▸ **WHAT THE EXERCISE ASKS**
Copy the entries exactly, through the "- soup can [1367,510,1372,514]" line.

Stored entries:
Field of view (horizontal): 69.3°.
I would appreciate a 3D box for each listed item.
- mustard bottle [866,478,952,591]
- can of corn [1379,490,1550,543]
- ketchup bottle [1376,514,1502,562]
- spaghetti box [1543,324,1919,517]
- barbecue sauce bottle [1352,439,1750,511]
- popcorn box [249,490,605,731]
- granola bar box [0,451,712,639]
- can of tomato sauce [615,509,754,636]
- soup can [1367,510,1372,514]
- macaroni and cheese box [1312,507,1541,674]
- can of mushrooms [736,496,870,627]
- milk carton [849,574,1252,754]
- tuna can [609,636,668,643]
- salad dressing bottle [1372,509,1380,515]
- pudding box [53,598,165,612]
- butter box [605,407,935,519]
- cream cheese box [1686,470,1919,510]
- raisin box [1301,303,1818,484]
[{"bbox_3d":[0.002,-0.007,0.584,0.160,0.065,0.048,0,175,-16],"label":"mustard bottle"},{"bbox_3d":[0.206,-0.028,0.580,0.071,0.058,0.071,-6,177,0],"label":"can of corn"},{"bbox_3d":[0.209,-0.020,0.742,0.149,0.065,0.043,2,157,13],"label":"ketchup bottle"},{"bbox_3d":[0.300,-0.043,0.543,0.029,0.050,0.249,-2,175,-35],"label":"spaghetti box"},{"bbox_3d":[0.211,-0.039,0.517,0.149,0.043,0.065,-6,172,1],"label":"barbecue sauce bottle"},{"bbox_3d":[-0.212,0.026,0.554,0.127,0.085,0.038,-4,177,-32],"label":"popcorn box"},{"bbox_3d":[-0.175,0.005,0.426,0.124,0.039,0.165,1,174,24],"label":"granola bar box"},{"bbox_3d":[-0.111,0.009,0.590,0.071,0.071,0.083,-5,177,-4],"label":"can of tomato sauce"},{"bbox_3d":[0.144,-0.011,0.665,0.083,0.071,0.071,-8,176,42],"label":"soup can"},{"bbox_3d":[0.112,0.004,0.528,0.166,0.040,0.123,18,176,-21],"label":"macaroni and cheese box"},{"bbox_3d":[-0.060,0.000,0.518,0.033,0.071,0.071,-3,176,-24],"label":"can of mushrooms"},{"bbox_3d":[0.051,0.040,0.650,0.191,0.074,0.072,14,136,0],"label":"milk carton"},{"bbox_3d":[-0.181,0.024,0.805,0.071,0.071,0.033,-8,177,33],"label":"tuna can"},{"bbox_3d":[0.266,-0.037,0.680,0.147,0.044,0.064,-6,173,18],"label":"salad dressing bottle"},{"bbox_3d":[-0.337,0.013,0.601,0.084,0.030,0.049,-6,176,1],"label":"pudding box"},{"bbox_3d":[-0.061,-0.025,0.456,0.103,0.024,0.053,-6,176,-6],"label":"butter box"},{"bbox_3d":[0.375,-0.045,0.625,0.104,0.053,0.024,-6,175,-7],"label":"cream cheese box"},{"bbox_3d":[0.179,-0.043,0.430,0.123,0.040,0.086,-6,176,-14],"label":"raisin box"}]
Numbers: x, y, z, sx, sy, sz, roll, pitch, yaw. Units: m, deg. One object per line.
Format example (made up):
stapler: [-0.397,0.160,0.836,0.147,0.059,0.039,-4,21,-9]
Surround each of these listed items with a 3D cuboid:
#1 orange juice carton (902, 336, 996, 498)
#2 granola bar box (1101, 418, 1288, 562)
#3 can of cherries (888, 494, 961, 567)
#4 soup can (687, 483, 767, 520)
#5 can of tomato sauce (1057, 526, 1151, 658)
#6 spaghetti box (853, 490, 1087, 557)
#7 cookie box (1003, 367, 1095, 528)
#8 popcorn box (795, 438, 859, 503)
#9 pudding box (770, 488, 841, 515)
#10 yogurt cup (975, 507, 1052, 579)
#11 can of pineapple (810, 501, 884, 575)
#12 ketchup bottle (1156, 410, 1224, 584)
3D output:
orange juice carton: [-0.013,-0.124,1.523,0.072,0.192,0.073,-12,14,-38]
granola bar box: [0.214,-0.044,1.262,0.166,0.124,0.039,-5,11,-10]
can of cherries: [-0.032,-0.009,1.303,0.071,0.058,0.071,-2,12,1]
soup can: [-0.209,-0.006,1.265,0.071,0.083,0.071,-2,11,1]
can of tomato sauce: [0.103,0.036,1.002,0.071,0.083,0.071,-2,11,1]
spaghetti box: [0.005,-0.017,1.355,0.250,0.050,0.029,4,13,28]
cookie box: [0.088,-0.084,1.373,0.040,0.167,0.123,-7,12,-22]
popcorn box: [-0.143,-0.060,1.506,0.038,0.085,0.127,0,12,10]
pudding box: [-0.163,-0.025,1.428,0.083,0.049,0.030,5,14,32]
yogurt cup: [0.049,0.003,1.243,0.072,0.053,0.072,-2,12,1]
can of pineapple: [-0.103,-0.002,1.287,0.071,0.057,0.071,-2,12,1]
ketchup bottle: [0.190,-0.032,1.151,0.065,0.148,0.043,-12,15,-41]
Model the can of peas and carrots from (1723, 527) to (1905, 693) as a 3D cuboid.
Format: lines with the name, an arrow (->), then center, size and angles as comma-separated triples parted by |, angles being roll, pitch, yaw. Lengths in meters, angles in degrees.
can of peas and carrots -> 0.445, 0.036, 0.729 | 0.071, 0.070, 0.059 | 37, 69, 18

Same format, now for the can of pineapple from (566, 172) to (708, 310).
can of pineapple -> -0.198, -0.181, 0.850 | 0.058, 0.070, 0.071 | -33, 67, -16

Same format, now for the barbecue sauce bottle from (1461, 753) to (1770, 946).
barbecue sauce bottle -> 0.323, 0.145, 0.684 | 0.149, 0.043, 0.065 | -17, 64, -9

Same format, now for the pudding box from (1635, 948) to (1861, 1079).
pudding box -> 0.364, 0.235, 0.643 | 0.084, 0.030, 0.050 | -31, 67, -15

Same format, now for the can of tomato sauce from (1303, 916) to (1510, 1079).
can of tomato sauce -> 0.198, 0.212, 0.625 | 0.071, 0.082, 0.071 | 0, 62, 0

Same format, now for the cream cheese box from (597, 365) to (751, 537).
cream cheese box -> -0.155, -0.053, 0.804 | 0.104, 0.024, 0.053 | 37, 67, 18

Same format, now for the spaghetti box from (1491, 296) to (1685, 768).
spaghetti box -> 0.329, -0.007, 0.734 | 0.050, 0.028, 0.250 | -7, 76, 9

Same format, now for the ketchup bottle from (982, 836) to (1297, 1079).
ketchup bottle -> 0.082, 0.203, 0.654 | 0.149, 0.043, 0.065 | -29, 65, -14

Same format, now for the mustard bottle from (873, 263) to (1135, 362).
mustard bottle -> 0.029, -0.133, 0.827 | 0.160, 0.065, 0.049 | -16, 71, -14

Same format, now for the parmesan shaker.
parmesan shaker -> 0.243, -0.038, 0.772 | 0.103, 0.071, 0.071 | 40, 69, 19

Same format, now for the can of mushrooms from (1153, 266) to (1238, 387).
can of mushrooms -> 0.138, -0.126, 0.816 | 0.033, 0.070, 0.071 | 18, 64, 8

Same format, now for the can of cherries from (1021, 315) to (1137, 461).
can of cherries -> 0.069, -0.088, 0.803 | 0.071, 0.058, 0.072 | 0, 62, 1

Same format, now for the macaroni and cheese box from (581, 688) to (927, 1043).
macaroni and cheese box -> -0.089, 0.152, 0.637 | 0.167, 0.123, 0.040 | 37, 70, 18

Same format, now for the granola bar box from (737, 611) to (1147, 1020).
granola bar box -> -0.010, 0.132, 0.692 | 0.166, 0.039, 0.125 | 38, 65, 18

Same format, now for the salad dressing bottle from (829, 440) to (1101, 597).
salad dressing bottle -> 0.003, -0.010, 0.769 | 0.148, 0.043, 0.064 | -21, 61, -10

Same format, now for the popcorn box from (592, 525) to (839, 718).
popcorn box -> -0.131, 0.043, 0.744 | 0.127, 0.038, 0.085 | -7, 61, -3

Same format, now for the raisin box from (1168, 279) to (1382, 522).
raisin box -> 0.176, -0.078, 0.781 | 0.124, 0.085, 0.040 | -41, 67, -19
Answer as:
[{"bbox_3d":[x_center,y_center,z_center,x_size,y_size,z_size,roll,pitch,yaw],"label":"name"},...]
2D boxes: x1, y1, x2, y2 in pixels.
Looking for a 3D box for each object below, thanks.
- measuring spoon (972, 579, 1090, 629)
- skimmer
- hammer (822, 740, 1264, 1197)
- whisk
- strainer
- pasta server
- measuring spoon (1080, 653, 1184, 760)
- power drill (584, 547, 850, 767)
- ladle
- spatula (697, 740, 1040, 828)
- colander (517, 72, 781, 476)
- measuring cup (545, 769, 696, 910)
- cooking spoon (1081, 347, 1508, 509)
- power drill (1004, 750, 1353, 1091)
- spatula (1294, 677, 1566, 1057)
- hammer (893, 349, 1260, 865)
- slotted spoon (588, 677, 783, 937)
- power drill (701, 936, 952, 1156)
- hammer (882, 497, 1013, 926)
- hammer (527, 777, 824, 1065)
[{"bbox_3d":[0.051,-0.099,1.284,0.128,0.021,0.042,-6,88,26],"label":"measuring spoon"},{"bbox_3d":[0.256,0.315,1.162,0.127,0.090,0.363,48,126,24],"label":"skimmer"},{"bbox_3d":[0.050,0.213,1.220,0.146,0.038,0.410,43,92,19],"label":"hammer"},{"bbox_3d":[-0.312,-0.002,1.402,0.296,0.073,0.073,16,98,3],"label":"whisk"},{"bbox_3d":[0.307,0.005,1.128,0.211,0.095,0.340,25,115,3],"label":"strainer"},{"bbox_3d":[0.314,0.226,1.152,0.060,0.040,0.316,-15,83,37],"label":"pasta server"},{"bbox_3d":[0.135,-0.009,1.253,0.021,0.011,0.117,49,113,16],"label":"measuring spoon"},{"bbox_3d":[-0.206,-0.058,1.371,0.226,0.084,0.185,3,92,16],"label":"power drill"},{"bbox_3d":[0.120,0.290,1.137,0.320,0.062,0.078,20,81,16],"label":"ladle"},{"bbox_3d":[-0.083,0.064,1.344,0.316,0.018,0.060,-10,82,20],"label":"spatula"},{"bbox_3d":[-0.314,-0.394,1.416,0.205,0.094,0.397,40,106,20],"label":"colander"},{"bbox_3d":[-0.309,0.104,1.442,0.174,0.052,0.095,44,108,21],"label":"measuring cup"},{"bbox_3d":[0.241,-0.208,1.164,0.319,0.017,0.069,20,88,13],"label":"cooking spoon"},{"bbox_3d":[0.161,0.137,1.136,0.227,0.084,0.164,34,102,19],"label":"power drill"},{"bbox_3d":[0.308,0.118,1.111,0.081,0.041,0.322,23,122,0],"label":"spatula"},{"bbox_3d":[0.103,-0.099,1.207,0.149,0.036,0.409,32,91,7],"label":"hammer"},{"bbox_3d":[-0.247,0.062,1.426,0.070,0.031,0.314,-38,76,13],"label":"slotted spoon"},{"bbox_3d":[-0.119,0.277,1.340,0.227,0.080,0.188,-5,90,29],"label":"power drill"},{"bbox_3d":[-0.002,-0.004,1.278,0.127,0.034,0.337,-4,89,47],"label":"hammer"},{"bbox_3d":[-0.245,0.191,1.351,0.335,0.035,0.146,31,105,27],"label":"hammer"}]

▸ **RESULT BELOW**
Field of view (horizontal): 69.3°.
I would appreciate a 3D box for each listed item.
- mustard bottle [866,478,952,591]
- can of corn [1379,490,1550,543]
- ketchup bottle [1376,514,1502,562]
- spaghetti box [1543,324,1919,517]
- barbecue sauce bottle [1352,439,1750,511]
- popcorn box [249,490,605,731]
- granola bar box [0,451,712,639]
- can of tomato sauce [615,509,754,636]
- soup can [1367,510,1372,514]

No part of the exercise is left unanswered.